The Athletic conducted an internal review after the Arizona photos surfaced. Russini resigned before it concluded. The New York Times, which owns The Athletic, has not publicly detailed the findings. The pattern is familiar: an institution waits, the subject departs, and the review quietly fades from view. Accountability, once again, becomes optional. It's the same dynamic that surfaces when financial disclosures go unexamined until outside pressure forces the issue.
Breitbart noted that the June 2021 boat trip took place when Russini was approximately seven months pregnant, raising what it called "obvious questions" about why she would be on a private boat with a married man so close to giving birth.
Those questions remain unanswered. Both Russini and Vrabel have offered carefully worded statements that acknowledge mistakes without specifying what those mistakes were. That is a strategy designed to survive a news cycle, not to provide honest answers.
The resurfaced Zoom clip is not, by itself, proof of anything beyond poor judgment on camera. But it matters because it places Russini and Vrabel in the same social circle, participating in the same casual, after-hours content, months before the earliest reported private encounters. It fills in a timeline that now stretches from at least early 2020 through January 2024.
For Vrabel, the professional stakes are immediate. He is the head coach of the New England Patriots, a franchise that demands discipline and message control. Stepping away from the NFL Draft for a family counseling session is not the kind of headline any coach wants. And the steady release of new footage, dock video, casino photos, bar pictures, resort images, and now a Barstool Zoom call, suggests the story is not finished.
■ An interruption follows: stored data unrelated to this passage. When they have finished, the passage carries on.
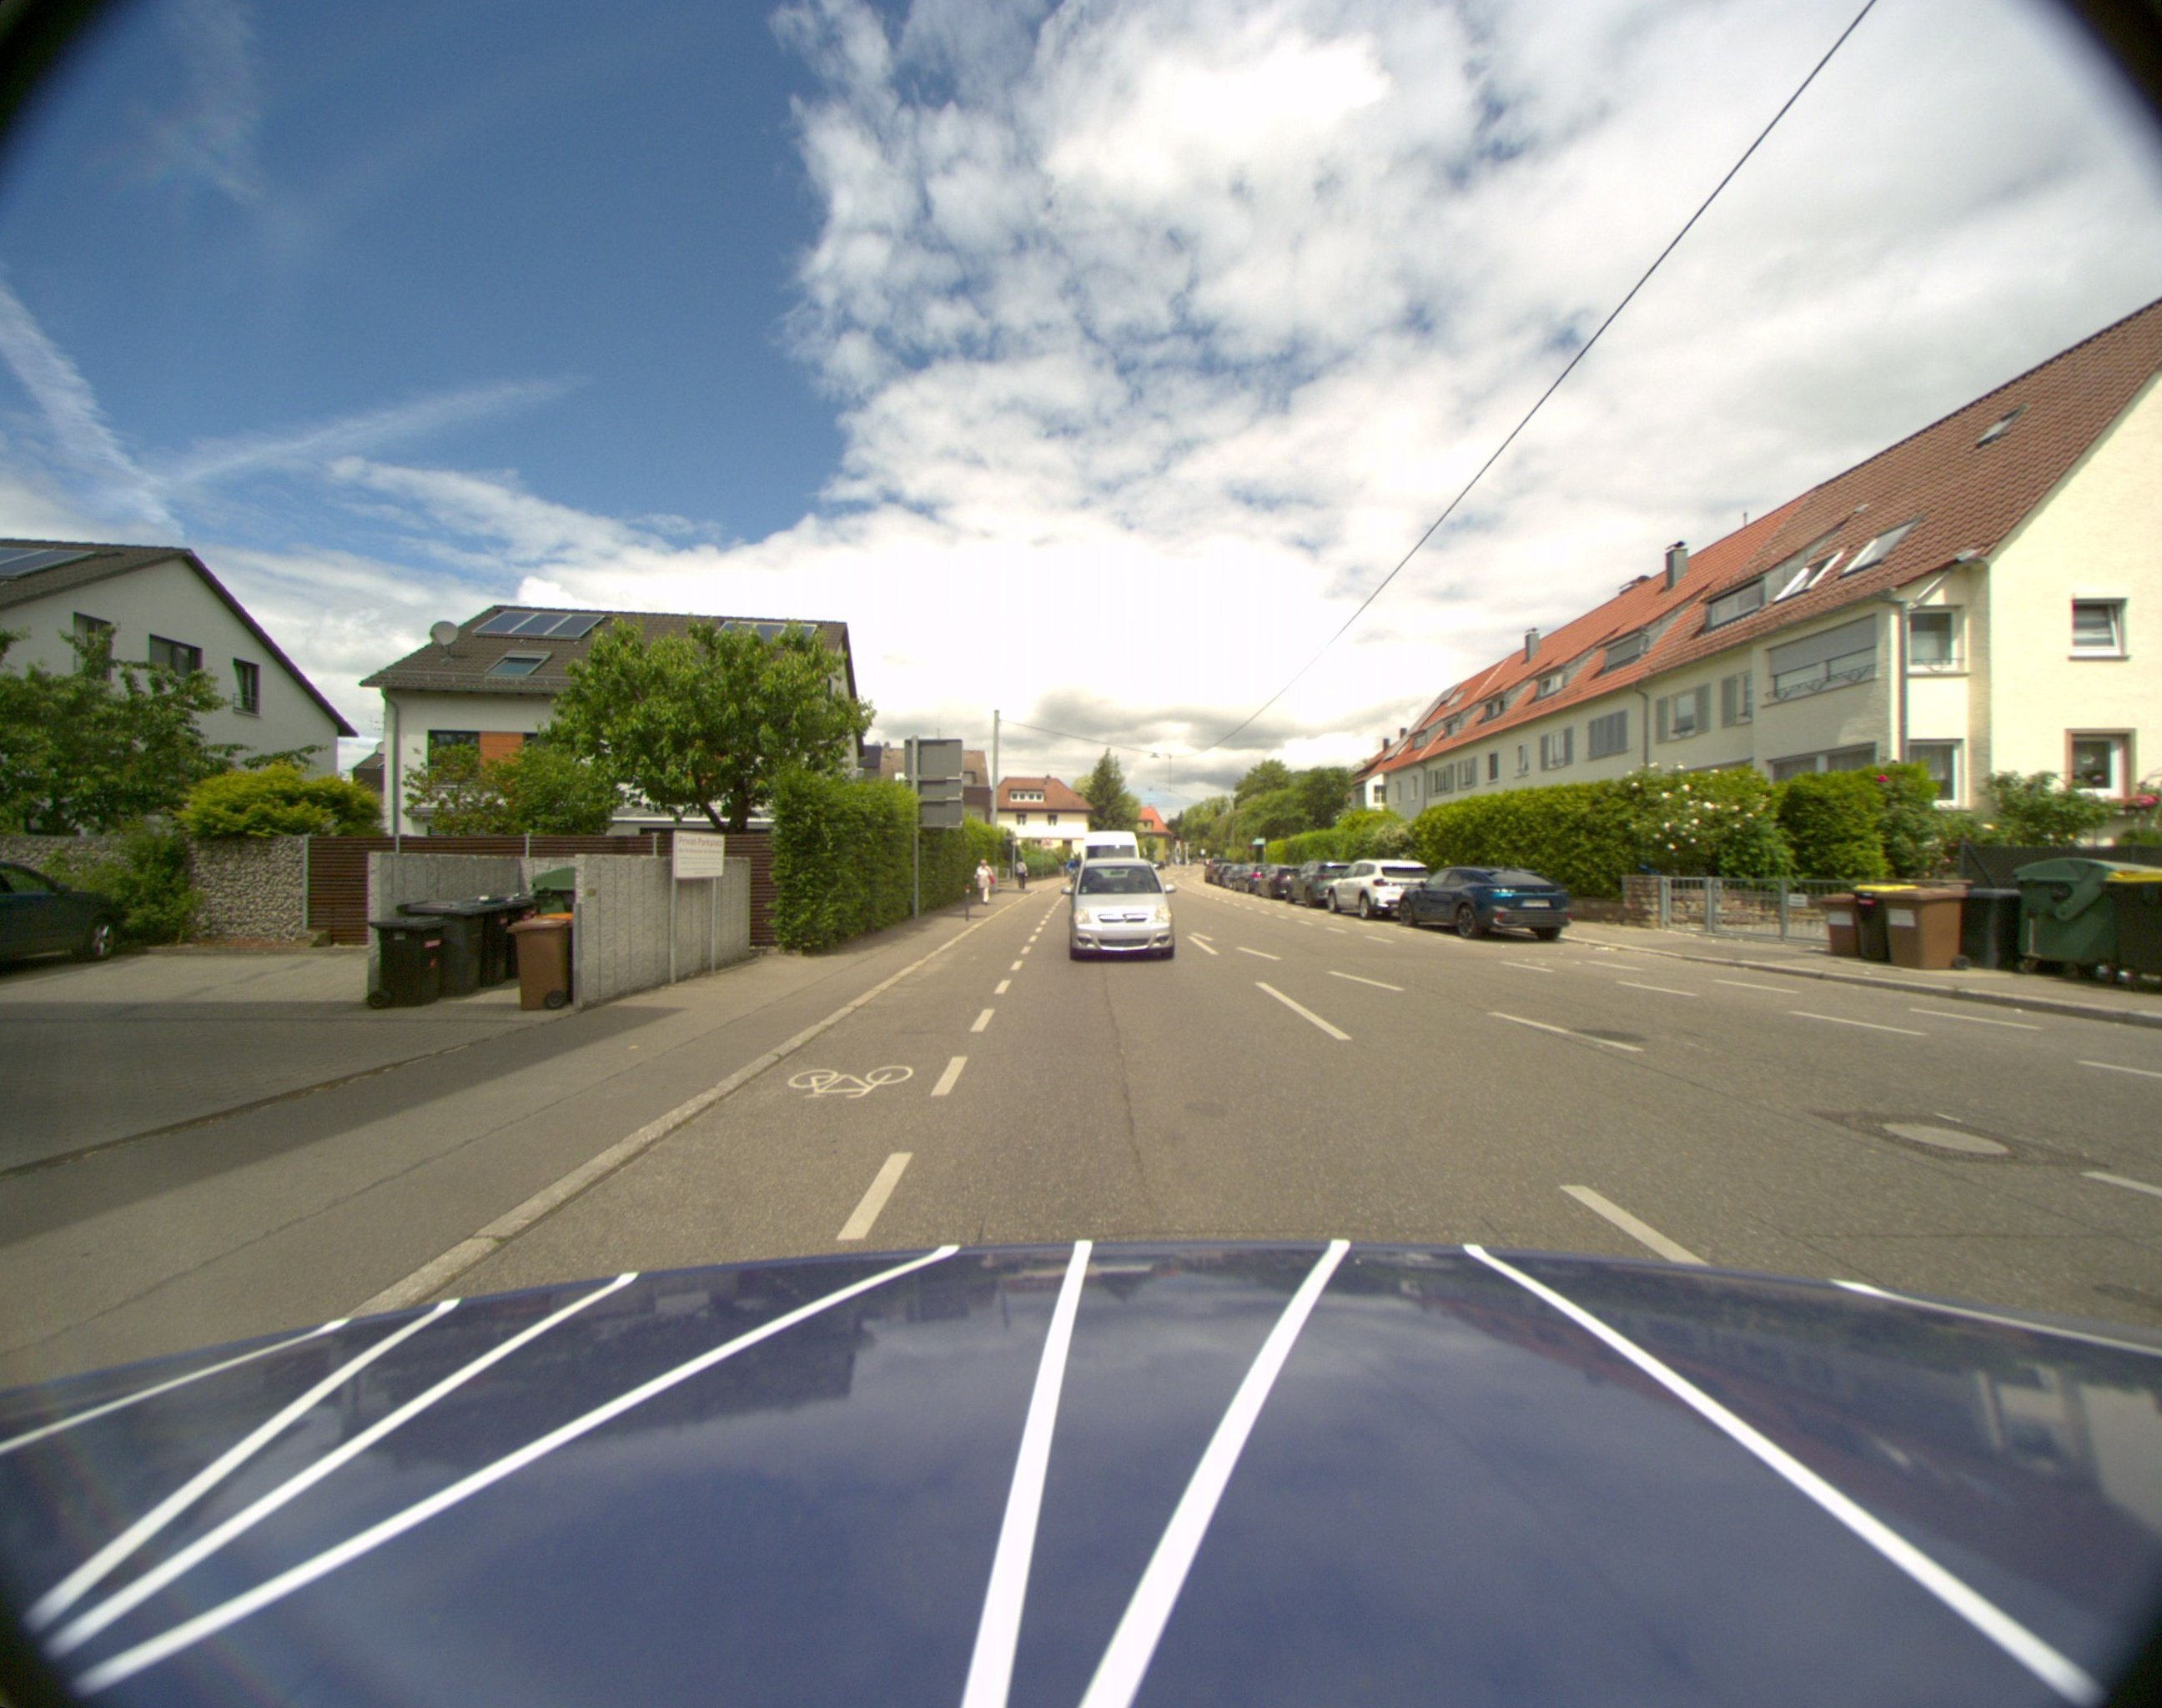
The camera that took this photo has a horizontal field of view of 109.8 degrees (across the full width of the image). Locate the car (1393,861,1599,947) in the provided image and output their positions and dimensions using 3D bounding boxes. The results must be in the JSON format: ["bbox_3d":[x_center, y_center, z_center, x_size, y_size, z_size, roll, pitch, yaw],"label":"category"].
[{"bbox_3d":[8.722,0.955,16.530,1.999,1.578,4.488,0,0,-1],"label":"car"}]

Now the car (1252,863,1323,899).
[{"bbox_3d":[8.738,1.093,32.510,1.998,1.400,4.690,0,0,3],"label":"car"}]

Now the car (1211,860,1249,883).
[{"bbox_3d":[9.447,1.096,48.551,1.782,1.409,4.340,0,0,3],"label":"car"}]

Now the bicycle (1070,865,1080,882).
[{"bbox_3d":[-0.408,1.327,52.284,0.536,1.039,2.409,-1,0,2],"label":"bicycle"}]

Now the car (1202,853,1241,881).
[{"bbox_3d":[9.885,0.878,53.854,1.998,1.884,5.405,2,0,4],"label":"car"}]

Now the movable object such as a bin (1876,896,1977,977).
[{"bbox_3d":[11.135,1.075,10.026,0.597,1.001,0.658,0,0,1],"label":"movable object such as a bin"}]

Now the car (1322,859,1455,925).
[{"bbox_3d":[8.508,0.969,21.514,1.998,1.641,4.517,0,0,1],"label":"car"}]

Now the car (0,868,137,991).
[{"bbox_3d":[-14.695,0.971,9.707,1.790,1.527,3.789,0,0,-25],"label":"car"}]

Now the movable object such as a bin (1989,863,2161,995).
[{"bbox_3d":[12.187,0.850,9.147,1.068,1.473,1.214,0,0,-1],"label":"movable object such as a bin"}]

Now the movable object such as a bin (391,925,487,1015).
[{"bbox_3d":[-7.143,1.275,8.476,0.635,0.887,0.539,-1,0,-16],"label":"movable object such as a bin"}]

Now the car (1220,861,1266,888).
[{"bbox_3d":[9.140,1.133,43.255,1.782,1.409,4.440,0,0,2],"label":"car"}]

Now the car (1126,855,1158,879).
[{"bbox_3d":[4.679,0.969,58.080,1.931,1.771,4.003,-2,0,11],"label":"car"}]

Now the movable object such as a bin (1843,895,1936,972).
[{"bbox_3d":[11.358,1.099,10.692,0.597,1.018,0.658,0,0,1],"label":"movable object such as a bin"}]

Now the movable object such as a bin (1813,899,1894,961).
[{"bbox_3d":[11.518,1.123,11.346,0.597,0.874,0.614,0,0,1],"label":"movable object such as a bin"}]

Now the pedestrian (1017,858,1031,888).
[{"bbox_3d":[-3.058,1.013,40.514,0.604,1.596,0.836,2,0,2],"label":"pedestrian"}]

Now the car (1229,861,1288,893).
[{"bbox_3d":[8.761,1.095,37.937,1.782,1.483,4.565,0,0,-1],"label":"car"}]

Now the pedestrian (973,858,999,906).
[{"bbox_3d":[-3.286,0.960,26.335,0.800,1.608,0.653,1,1,2],"label":"pedestrian"}]

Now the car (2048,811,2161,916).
[{"bbox_3d":[19.402,0.103,12.771,3.997,1.696,1.803,-1,0,0],"label":"car"}]

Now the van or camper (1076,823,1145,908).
[{"bbox_3d":[1.014,0.426,26.315,2.029,2.564,5.924,-2,-1,2],"label":"van or camper"}]

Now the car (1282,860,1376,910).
[{"bbox_3d":[8.660,1.028,26.967,1.998,1.555,4.690,0,0,3],"label":"car"}]

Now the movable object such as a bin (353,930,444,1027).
[{"bbox_3d":[-7.086,1.275,7.911,0.494,0.907,0.539,-1,0,-16],"label":"movable object such as a bin"}]

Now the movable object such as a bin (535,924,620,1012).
[{"bbox_3d":[-5.723,1.281,8.662,0.533,0.887,0.679,-1,0,-5],"label":"movable object such as a bin"}]

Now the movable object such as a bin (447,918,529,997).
[{"bbox_3d":[-7.430,1.281,9.543,0.635,0.887,0.539,-1,0,-16],"label":"movable object such as a bin"}]

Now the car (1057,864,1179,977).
[{"bbox_3d":[0.694,0.982,13.070,1.707,1.531,4.332,-2,0,4],"label":"car"}]

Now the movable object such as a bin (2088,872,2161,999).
[{"bbox_3d":[11.816,0.855,7.905,1.067,1.305,1.214,0,0,2],"label":"movable object such as a bin"}]

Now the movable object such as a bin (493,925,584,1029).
[{"bbox_3d":[-5.618,1.250,7.902,0.534,0.945,0.686,-1,0,-13],"label":"movable object such as a bin"}]

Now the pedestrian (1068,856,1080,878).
[{"bbox_3d":[-0.473,0.878,52.323,0.736,1.508,0.872,-1,0,1],"label":"pedestrian"}]

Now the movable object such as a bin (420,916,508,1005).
[{"bbox_3d":[-7.294,1.242,9.009,0.629,0.962,0.539,-1,0,-16],"label":"movable object such as a bin"}]

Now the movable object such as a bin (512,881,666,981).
[{"bbox_3d":[-6.933,1.041,10.832,1.192,1.255,1.535,-1,0,-2],"label":"movable object such as a bin"}]
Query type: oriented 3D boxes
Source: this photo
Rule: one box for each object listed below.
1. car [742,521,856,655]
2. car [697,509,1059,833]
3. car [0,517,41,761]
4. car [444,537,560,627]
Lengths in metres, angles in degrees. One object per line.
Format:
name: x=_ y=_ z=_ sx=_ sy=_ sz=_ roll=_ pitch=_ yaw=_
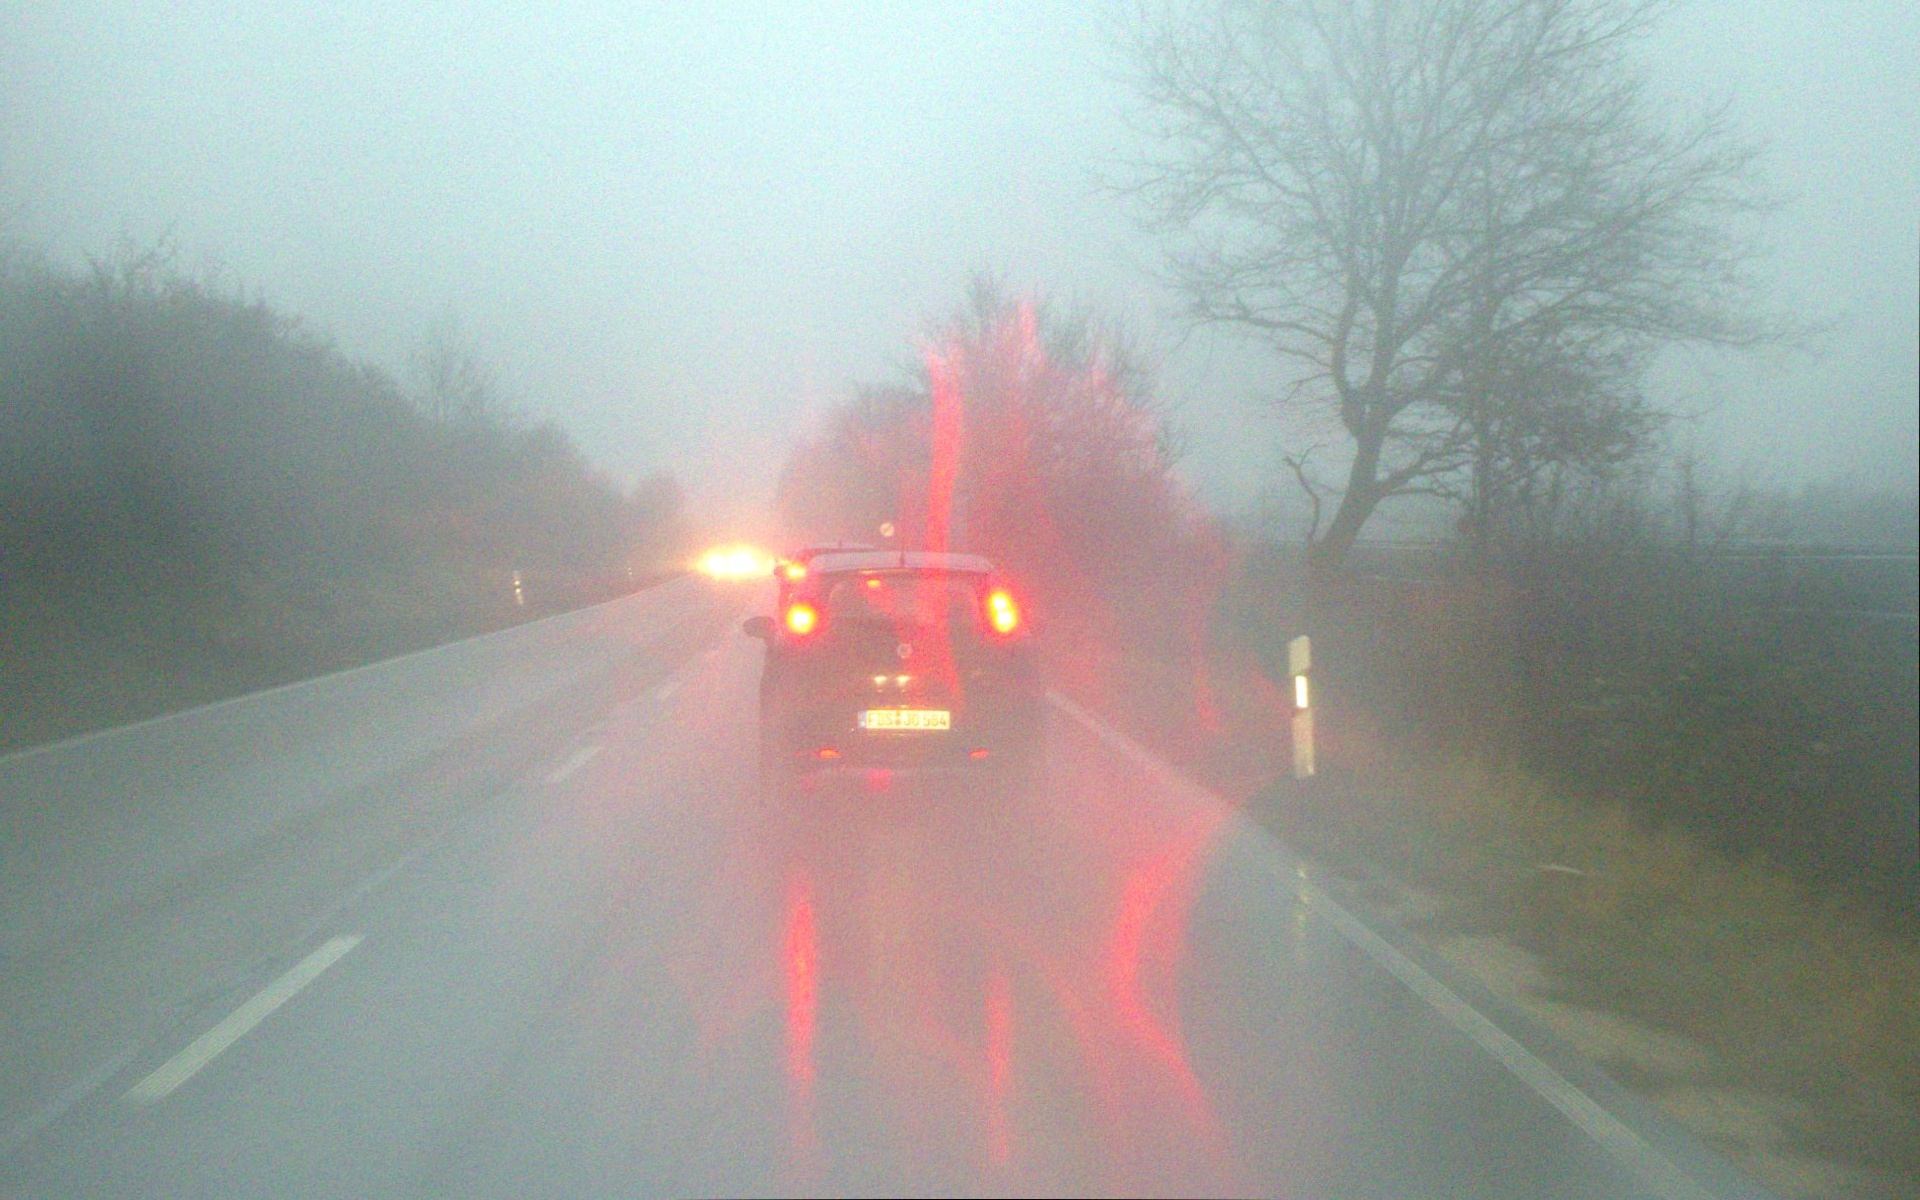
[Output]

For Russini, the professional consequences have already landed. She left The Athletic. Her media career, built on credibility and access, now carries an asterisk that no résumé rewrite can remove. The question of whether she covered Vrabel while maintaining a personal relationship with him is one that her former employers, ESPN and The Athletic, have not publicly answered.
When public figures try to seal uncomfortable records, the instinct is always the same: control the narrative, limit the damage, and hope the public moves on. Sometimes it works. Sometimes the footage keeps coming.
The people who deserve the most sympathy in this mess are the ones who had no say in it: the spouses, the children, and the colleagues left to answer questions they didn't create. That's always how these stories end, not with the principals, but with the people around them picking up the pieces.